Fousseni Diawara, ancien défenseur, en garde, lui, un bon souvenir : « J'ai joué en Corse, les gens y sont francs, sincères et, lui, il est corse. » Celui qui se voit « en moine-soldat » aime ferrailler, se nourrir des affrontements, notamment avec Jean-François Bernard, président de l'association du club tourangeau qui a eu « honte en lisant les insultes. Cela témoigne de son aptitude à entrer en conflit avec tous ses interlocuteurs. Entre nous, il n'y a plus de conflit car on n'a plus de relations. » Avec la municipalité, les ultras, aussi, c'est compliqué. Avec les médias, c'est à couteaux tirés, au point qu'il fit expulser du stade lors de la première journée de Championnat deux confrères de la Nouvelle République. Au téléphone, il trouve « bizarre » que L'Équipe lui consacre un portrait « le jour du match. Je ne suis pas paranoïaque mais je suis lucide. »

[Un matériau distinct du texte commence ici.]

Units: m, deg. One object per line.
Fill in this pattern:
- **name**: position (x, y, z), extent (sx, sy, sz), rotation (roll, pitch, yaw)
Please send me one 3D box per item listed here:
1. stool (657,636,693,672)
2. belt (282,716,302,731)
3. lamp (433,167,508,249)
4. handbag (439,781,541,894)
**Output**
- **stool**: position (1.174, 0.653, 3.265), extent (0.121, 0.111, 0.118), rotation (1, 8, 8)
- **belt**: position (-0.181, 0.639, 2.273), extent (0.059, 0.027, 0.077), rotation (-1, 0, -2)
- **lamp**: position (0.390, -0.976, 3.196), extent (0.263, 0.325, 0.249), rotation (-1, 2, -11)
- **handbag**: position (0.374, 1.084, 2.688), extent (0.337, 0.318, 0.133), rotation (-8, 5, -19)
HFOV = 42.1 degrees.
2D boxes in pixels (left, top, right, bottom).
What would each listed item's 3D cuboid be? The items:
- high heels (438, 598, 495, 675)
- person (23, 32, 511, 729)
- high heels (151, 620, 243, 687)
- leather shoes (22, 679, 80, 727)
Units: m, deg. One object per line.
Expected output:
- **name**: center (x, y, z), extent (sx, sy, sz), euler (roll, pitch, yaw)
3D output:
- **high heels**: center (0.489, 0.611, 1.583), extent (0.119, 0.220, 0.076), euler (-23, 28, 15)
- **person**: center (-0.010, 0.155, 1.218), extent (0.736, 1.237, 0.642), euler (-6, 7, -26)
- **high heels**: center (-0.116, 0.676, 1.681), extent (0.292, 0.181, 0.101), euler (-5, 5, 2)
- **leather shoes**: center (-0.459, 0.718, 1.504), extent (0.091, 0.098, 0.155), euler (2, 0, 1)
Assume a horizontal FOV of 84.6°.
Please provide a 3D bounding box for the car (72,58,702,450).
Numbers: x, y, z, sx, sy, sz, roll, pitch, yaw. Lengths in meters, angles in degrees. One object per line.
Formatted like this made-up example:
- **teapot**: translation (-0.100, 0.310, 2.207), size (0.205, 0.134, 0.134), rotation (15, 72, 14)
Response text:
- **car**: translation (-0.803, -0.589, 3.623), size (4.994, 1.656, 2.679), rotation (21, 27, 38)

Une rhétorique complotiste (2), assez agressive, un côté Don Quichotte en totale contradiction avec sa pratique du bouddhisme : « Je dois apprendre à me maîtriser. » Il a encore du boulot, même si Pascal Bérenguer, ancien joueur de Tours devenu responsable des relations publiques, apprécie de travailler avec lui : « Il est attachant et atypique. Il vit les choses à fond. En tribune, ce n'est pas un président, c'est un ultra ! Quand on a gagné contre Auxerre, il est tombé dans mes bras, il s'est mis à pleurer. Je lui dis souvent "dans le foot, on ne peut pas tout maîtriser". »
Sa fille Caroline pointe justement le fossé entre sa réussite à la tête de Corsicatours (400 salariés, 60 M€ de chiffre d'affaires) et son échec avec le club (18e de L 2) : « S'il ne réussit pas, ce sera le drame de sa vie. Nous, on veut qu'il arrête. » Il y pense : « Pourquoi je suis venu à Tours ? Je ne sais pas mais, ce jour-là, j'aurais préféré me casser les deux bras et les deux jambes. Je reste car je n'ai pas fini et que cela ferait plaisir à certaines personnes que je parte. » Seul contre tous ou presque, encore une fois.
(1) « Ta mère, c'est une grosse pute. Ta mère devrait crever », après la rencontre Tours-Niort (0-0), il y a une semaine.
(2) « Il y a une conspiration entre la Nouvelle République et L'Équipe ! » avait-il déclaré au micro de beIN Sports après la défaite à Sochaux (1-2, le 18 novembre).